In the case of Philmacare v. CA, courts should construe them against the insurer
by reason of non-compliance with his obligation. Being a contract of adhesion, the
terms of an insurance contract are to be construed strictly against the party which
prepared the contract – the insurer. By reason of the exclusive control of the
insurance company over the terms and phraseology of the insurance contract,
ambiguity must be strictly interpreted against the insurer and liberally in favor of
the insured, especially to avoid forfeiture.

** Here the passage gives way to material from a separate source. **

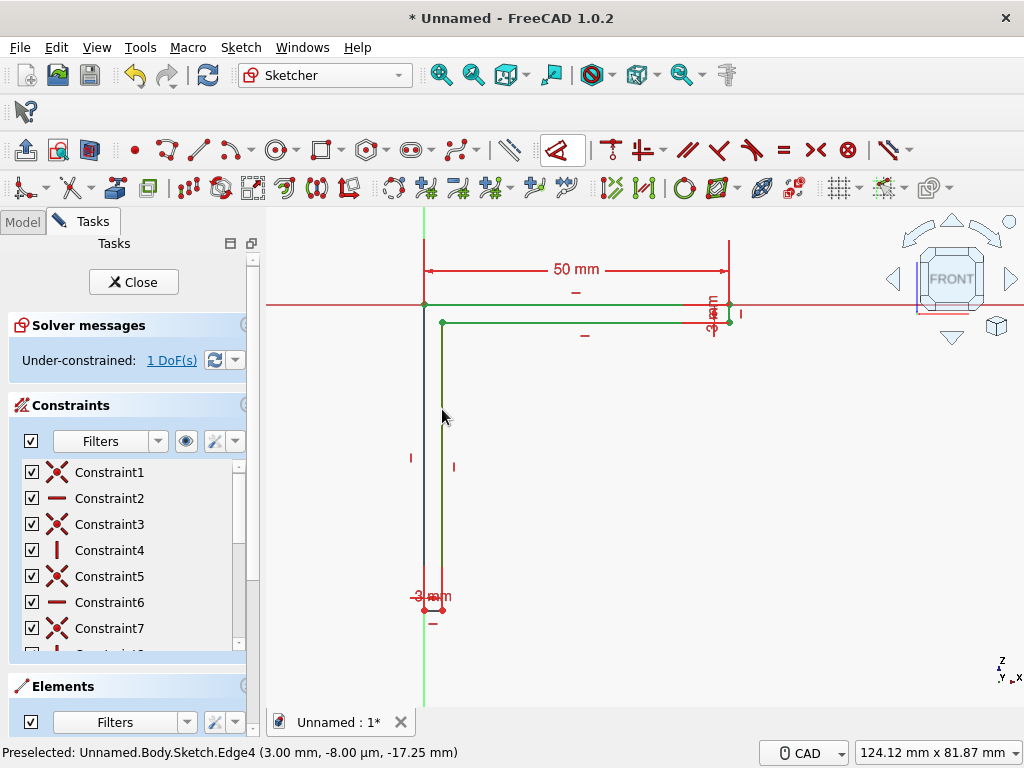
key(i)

In addition, in the case of Blue Cross v. Olivares, e ruled that a health care
agreement is in the nature of a non-life insurance. It is an established rule in
insurance contracts that when their terms contain limitations on liability, they
should be construed strictly against the insurer. These are contracts of adhesion
the terms of which must be interpreted and enforced stringently against the
insurer which prepared the contract. This doctrine is equally applicable to health
care agreements.
In the case at bar, the extent of Fortune Care’s liability to Amorin under the
attendant circumstances was governed by Section 3(B), Article V of the subject
Health Care Contract, considering that the appendectomy which the member had
to undergo qualified as an emergency care, but the treatment was performed
at St. Francis Medical Center in Honolulu, Hawaii, U.S.A., a non-accredited
hospital (stated above).

Applying the rule on ambiguity which hall be strictly construed against Fortune
Care, and liberally in favor of Amorin. Hence, As the contract recognized Fortune
Care’s liability for emergency treatments even in foreign territories, it expressly
limited its liability only insofar as the percentage of hospitalization and
professional fees that must be paid or reimbursed was concerned, pegged at a mere
80% of the approved standard charge.

In conclusion, since there is an absence of a qualifying word that only limits


Fortune Care’s liability to costs that are applicable in the Philippines, hence, the
amount payable by Fortune Care should not be limited to the cost of treatment in
the Philippines, as to do so would result in the clear disadvantage of its member.